- Theatrical release poster
- Directed by: Rakshith Thirthahalli
- Written by: Rakshith Thirthahalli
- Produced by: Adarsh Iyengar
- Starring: Keshav Guttalike Suchendra Prasad Ashika Somashekar Sringeri Ramanna Raghu Ramanakoppa Pragati Prabhu Master Harsha
- Cinematography: Praveen S
- Edited by: B S Kemparaju
- Music by: Hemanth Jois
- Production company: SriKrishna Productions
- Release date: 27 June 2025;
- Country: India
- Language: Kannada

= Timmana Mottegalu =

2025 Kannada film directed by Rakshith Thirthahalli

Timmana Mottegalu is a 2025 Indian Kannada-language drama film written and directed by Rakshith Thirthahalli. It is produced by Adarsh Iyengar under the banner of Srikrishna Productions. The film stars Keshav Guttalike, Suchendra Prasad, Ashika Somashekar, Sringeri Ramanna, Raghu Ramanakoppa, Pragati Prabhu and Master Harsha in pivotal roles.

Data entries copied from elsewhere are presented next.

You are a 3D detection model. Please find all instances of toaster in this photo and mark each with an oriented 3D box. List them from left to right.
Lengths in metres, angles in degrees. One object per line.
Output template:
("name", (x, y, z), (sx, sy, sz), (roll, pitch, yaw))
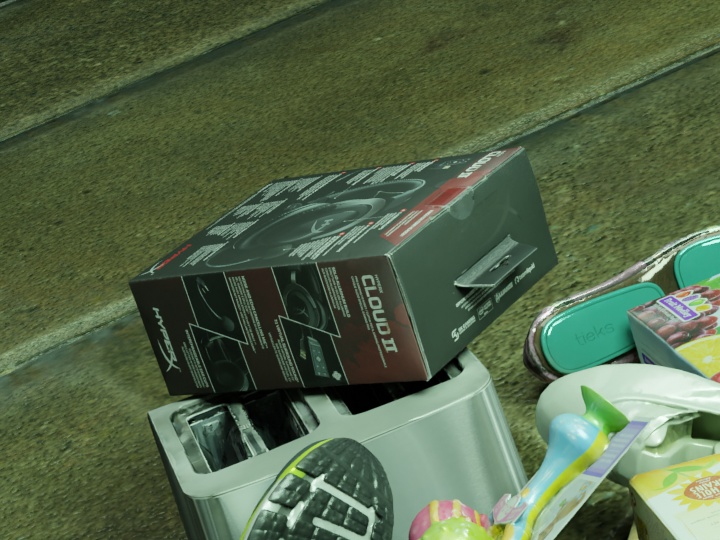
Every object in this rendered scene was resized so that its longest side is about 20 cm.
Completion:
("toaster", (-0.010, 0.119, 1.260), (0.181, 0.119, 0.200), (-21, 20, -6))

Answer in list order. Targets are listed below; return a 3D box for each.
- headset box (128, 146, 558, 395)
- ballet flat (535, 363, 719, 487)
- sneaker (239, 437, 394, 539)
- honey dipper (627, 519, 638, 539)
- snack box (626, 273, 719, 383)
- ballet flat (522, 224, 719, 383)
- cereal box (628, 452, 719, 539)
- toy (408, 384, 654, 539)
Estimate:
("headset box", (0.000, 0.000, 1.277), (0.200, 0.077, 0.149), (-5, 22, 36))
("ballet flat", (0.177, 0.092, 1.190), (0.200, 0.070, 0.069), (9, 30, 21))
("sneaker", (-0.053, 0.169, 1.130), (0.200, 0.074, 0.081), (-61, 20, -8))
("honey dipper", (0.140, 0.147, 1.185), (0.038, 0.038, 0.200), (-11, 17, 20))
("snack box", (0.252, 0.046, 1.319), (0.142, 0.053, 0.200), (-20, 20, -8))
("ballet flat", (0.190, 0.019, 1.443), (0.200, 0.069, 0.071), (-21, 0, -8))
("cereal box", (0.216, 0.124, 1.035), (0.144, 0.040, 0.200), (-13, 18, -6))
("toy", (0.051, 0.131, 1.129), (0.200, 0.047, 0.115), (-44, 4, -7))

Set in the Malenadu region of Karnataka, the film explores the life of a villager facing personal and environmental challenges while delving into themes of faith, survival and the human connection with nature.

The film was released theatrically on 27 June 2025.

== Plot ==
Set in the dense forests of the Western Ghats, Timmana Mottegalu follows Timma, a poor father desperate to secure his sons education and rebuild their crumbling hut. With no options left, he agrees to a risky tasktracking the elusive king cobra, its eggs, and neston the request of a renowned snake expert, Vijaykumar. What begins as a desperate mission soon spirals into a journey filled with confusion, inner conflict, and unexpected courage, shaped by the necessity and inevitability of survival.

== Cast ==
- Keshav Guttalike as Timma
- Suchendra Prasad as Vijay Kumar
- Ashika Somashekar as Hita
- Sringeri Ramanna as Venkataiah
- Raghu Ramanakoppa
- Pragati Prabhu
- Master Harsha as Timma's son

== Soundtrack ==
The soundtrack and background score for Timmana Mottegalu were composed by Hemanth Jois, with lyrics by Rakshith Thirthahalli. The lead single Edeya Dani, sung by producer Adarsh Iyengar, was released prior to the film's theatrical release.

| Song | Singer | Music composer | Lyrics |
| Kaadu Daari | Vasuki Vaibhav | Hemanth Jois | Rakshith Thirthahalli |
| Moodana Paduvana | Aishwarya Rangarajan |
| Edeya Dani | Chinmayee Chandrashekar, Adarsh Iyengar |

== Reception ==

=== Critical reception ===
Timmana Mottegalu received positive reviews from critics. Cinema Express rated the film 3/5 and praised it as "a slow-burning fable of forest, faith and fate" and appreciated its poetic narrative and cinematography. The Times of India gave the film a 3.5/5 rating, commending its depiction of rural hardships and ecological themes. A critic from Bangalore Mirror rated the film 3/5 and wrote, "The movie is worth a watch for those who enjoy movies about nature".